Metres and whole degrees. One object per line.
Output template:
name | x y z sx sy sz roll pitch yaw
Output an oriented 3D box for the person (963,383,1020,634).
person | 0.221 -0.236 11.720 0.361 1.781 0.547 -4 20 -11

Task prompt >> Give the data again, unchanged in every line.

Response to this task >>
Metres and whole degrees. One object per line.
Output template:
name | x y z sx sy sz roll pitch yaw
Output an oriented 3D box for the person (963,383,1020,634).
person | 0.221 -0.236 11.720 0.361 1.781 0.547 -4 20 -11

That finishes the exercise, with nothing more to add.